## Task item
Line by line, set down the records below from the first line through the line containing "Answer yes or no. Yes. Is Blue Violet less". Omit the pictures.

+++ Supplied material +++

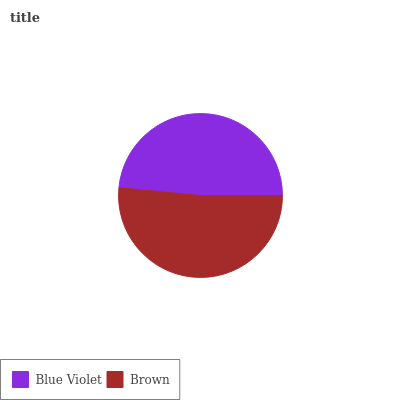Is Blue Violet the minimum?
Answer yes or no. Yes. Is Brown the maximum?
Answer yes or no. Yes. Is Brown the minimum?
Answer yes or no. No. Is Brown greater than Blue Violet?
Answer yes or no. Yes. Is Blue Violet less than Brown?
Answer yes or no. Yes. Is Blue Violet greater than Brown?
Answer yes or no. No. Is Brown less than Blue Violet?
Answer yes or no. No. Is Brown the high median?
Answer yes or no. Yes. Is Blue Violet the low median?
Answer yes or no. Yes. Is Blue Violet the high median?
Answer yes or no. No. Is Brown the low median?
Answer yes or no. No. 
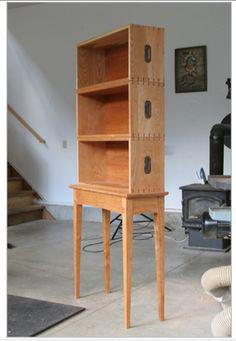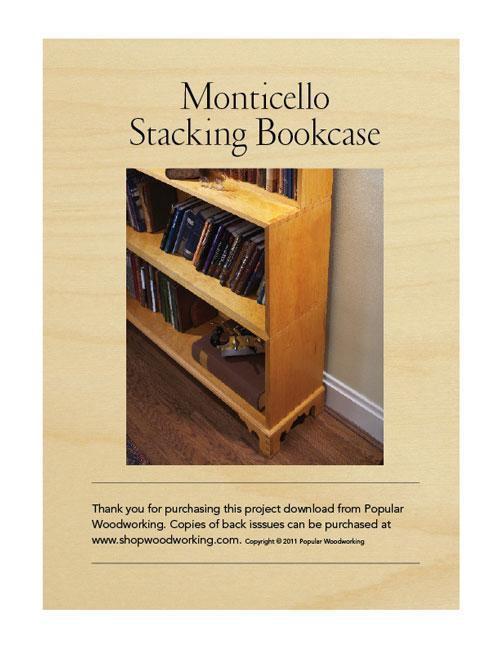The first image is the image on the left, the second image is the image on the right. Analyze the images presented: Is the assertion "One of the images includes a bookcase with glass on the front." valid? Answer yes or no. No. The first image is the image on the left, the second image is the image on the right. Assess this claim about the two images: "The cabinet in the left image has glass panes.". Correct or not? Answer yes or no. No.

+++

## Output of the exercise
Is Blue Violet the minimum?
Answer yes or no. Yes. Is Brown the maximum?
Answer yes or no. Yes. Is Brown the minimum?
Answer yes or no. No. Is Brown greater than Blue Violet?
Answer yes or no. Yes. Is Blue Violet less than Brown?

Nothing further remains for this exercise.